Robert-van-Engelen / tinylisp

Lisp in 99 lines of C and how to write one yourself. Includes 20 Lisp primitives, garbage collection and REPL. Includes tail-call optimized versions for speed and reduced memory use.
BSD 3-Clause "New" or "Revised" License
851 stars 37 forks source link

Add tests #7

Closed Luv2C0d3 closed 1 year ago

Luv2C0d3 commented 1 year ago

PLEASE DO NOT MERGE THIS!!!

Hello, prof Van Engelen. Thanks for setting up this project. I was playing a bit with it trying to add tests and I needed to re-factor a things in order to be able to use Unity which is a test framework extremely lightweight, for embedded projects. I copied tinylisp-commented.c and created a variant called tinylisp-tested.c, where I abstracted the initialization to tinylisp_init() and moved some things to tinylisp.h, such that I could re-initialize the system / re-use things from the test cases in file test-tl-test.c.

Note: If this were to be merged I would delete the tinylisp-tested and just modify tinylisp-commented to make it testable, and I would remove / squash commits and vscode files. I would leave the makefile(s) and Unity bits.

My question is whether you think this would add value?

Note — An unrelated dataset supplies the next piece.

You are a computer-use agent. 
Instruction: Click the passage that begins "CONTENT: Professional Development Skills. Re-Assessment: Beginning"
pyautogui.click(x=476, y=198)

Based on that I will keep playing and possibly after having good tests for the main mechanisms, thus scan, read, parse, list, I would proceed with LISP based tests as it seems more fun and self-hosted.

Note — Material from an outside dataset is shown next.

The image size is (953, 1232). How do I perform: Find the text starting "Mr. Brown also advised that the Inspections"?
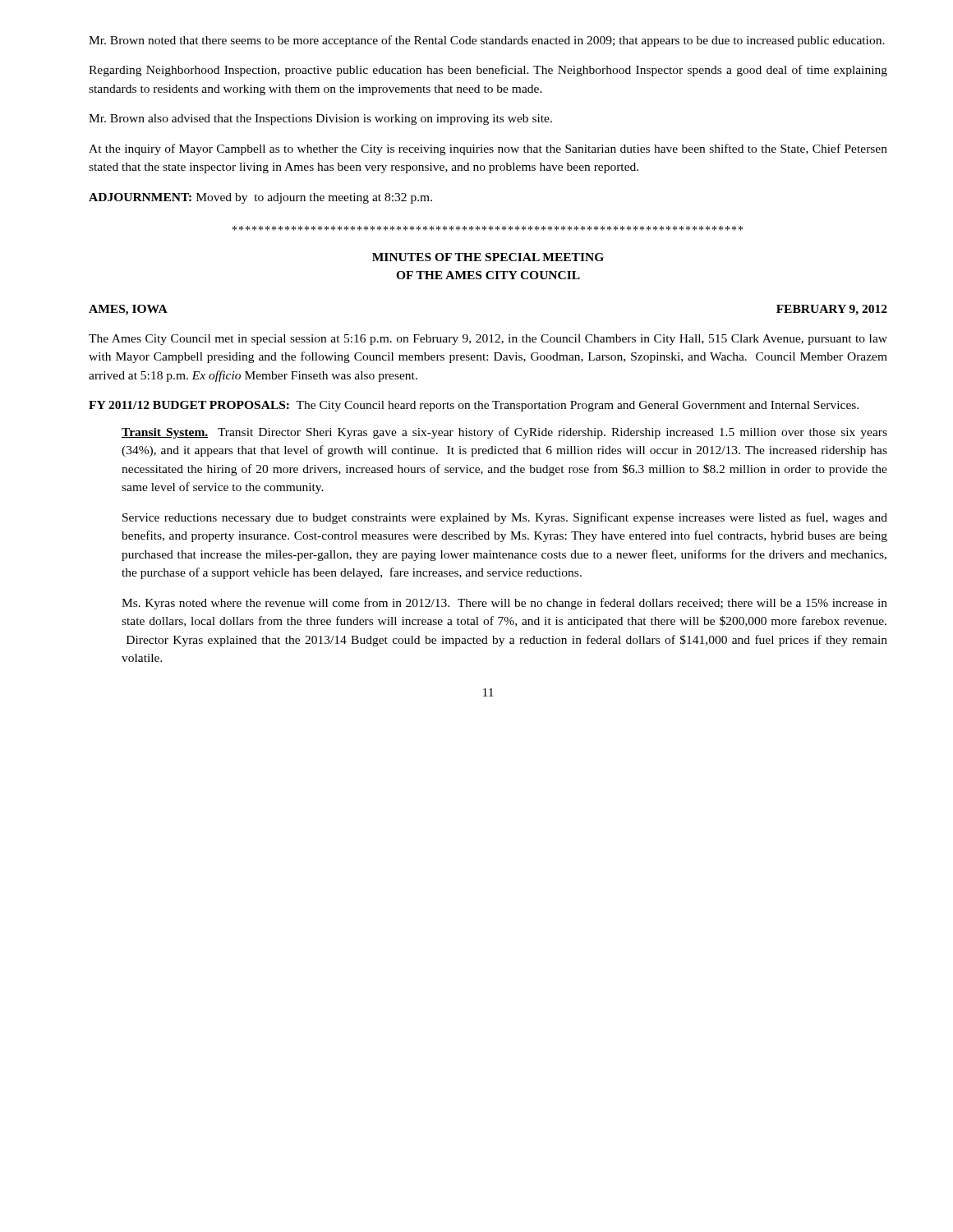321,118

Robert-van-Engelen commented 1 year ago

Thanks for contributing. I think that adding tests is a good idea. Keeping things small and simple is the goal. So as long as the project has no dependencies on other projects and the project structure is clear (to beginners) then I'm OK with adding test. Adding tests as a separate directory to build and run is my preference. So it won't "clutter" the root directory.